Distribution parameters
Closed this issue · 6 comments
Hello!
I have generated some trace files with Gadget and plotted the distributions. I have played around a bit with the parameters to understand how the distribution changes. I did not fully understand what the parameters a and b (i.e. the range) did to the distributions as well as how the constant affected the distribution. It would be much appreciated if I could get clarification about these parameters and how they affect the distribution.
Best regards,
Fredrik
Hi,
Could you please let me know which experiment/distribution you are referring to? Thank you
I'm referring to the constant distribution and the uniform distribution in the "key popularity distribution for the first event generator" configuration. Below are examples of 2 plots I created that plots the key popularity distribution for traces with constant distribution with the constant parameter being 1 and 10 respectively and also 2 plots that plot uniform distribution with parameters (a=1, b=2) and (a=1, b=5) respectively. It would be much appreciated if you could explain why the distributions look the way they do and how the parameters affect those distributions.
Thank you. I am not sure what are x-axis and y-axis in your figures.
The event key popularity is a mechanism for choosing the keys for generated events. Each event is assigned to one or more windows in a windowed operator. Each window has a unique key that is derived from the window timestamp and event keys.
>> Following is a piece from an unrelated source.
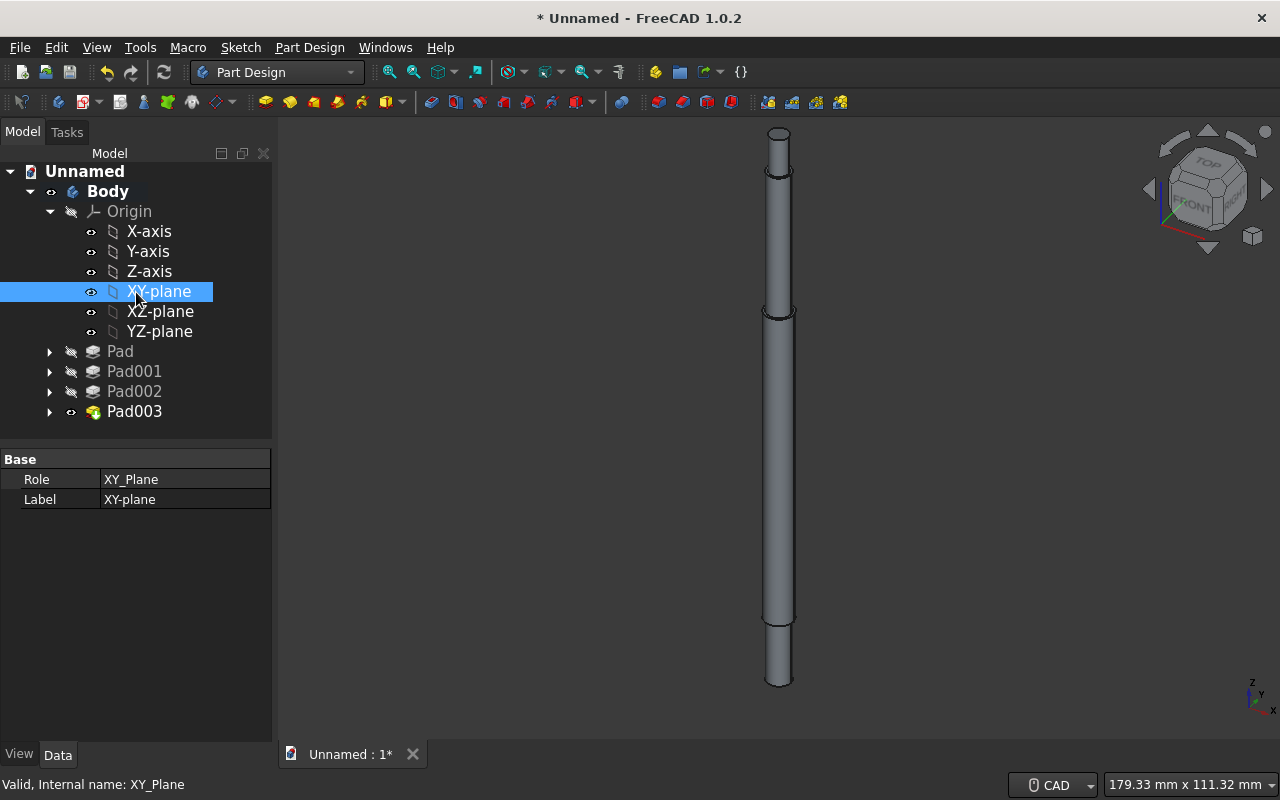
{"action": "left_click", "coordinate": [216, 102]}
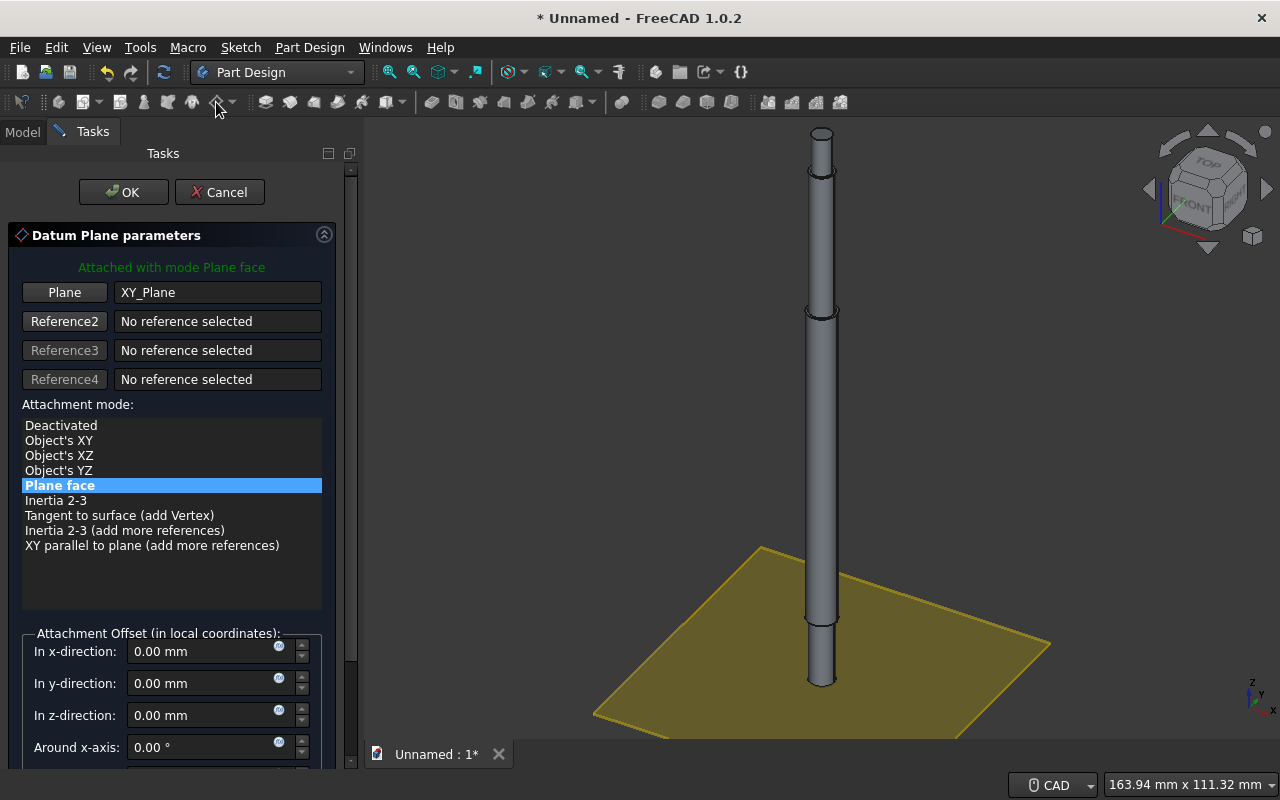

I think when event keys follow uniform distribution, the keyspace size of the Gadget-generated trace is bigger than the constant distribution case.
PS: The event keys play an important role in load-balancing or sharding. If event keys follow uniform distribution, it will be easier to divide the load among different operators than when all event keys have the same key (constant distribution).
Thank you for taking the time to answer my questions!
My bad for not writing out what the x-axis and y-axis represent. The x-axis is each key in the trace (in these plots 10000 operations are generated) and the y-axis is the number of times each key is accessed, no matter what operation. The data is also sorted by the number of accesses to get an overview of the popularity distribution. By looking at the x-axis of the plots of the constant distribution compared to the x-axis at the uniform distribution plots, I agree that it seems as if the constant distribution has smaller key spaces. And also the keyspace size increases when increasing the range of the uniform distribution. By running the python script again with printed keyspace size I can confirm that the constant=1 has a keyspace size of 108 keys, constant=2 has a size of 107 keys, uniform a=1 b=2 has a size of 212 keys and uniform a=1 b=5 has a size of 505 keys.
And don't think I fully understand what a constant key distribution is. Would you mind explaining what that means and how the constant affect the distribution? And also how the range (the "a" and "b" parameters) in the uniform distribution affect the distribution.
Sure. I hope you find the following helpful.
What is the event key:
Each event digested by a stream processer system (SPS) is typically associated with a key. We offer multiple key popularity distributions, including constant and uniform distributions.
Constant means all events digested by SPS have the same key (which might be rare in real practice).
Uniform (a, b) means events keys range from a to b in a uniform manner.
What is the trace generated by Gadget?
Depending on the type of operator (e.g., tumbling window), Gadget mimics the internals of an SPS and generates the operator state store workload. The figures that you plotted are state store workloads generated by Gadget. If it is a window operator, similar to an SPS, Gadget fragments the input event stream into smaller batches called windows. Gadget assigns each window a unique key (These are the keys that you see and plotted). The relationship between event keys and state store keys depends on the operator type. We discussed some aspects of this relationship in the first part of the Gadget paper.
Thank you very much for the clarification!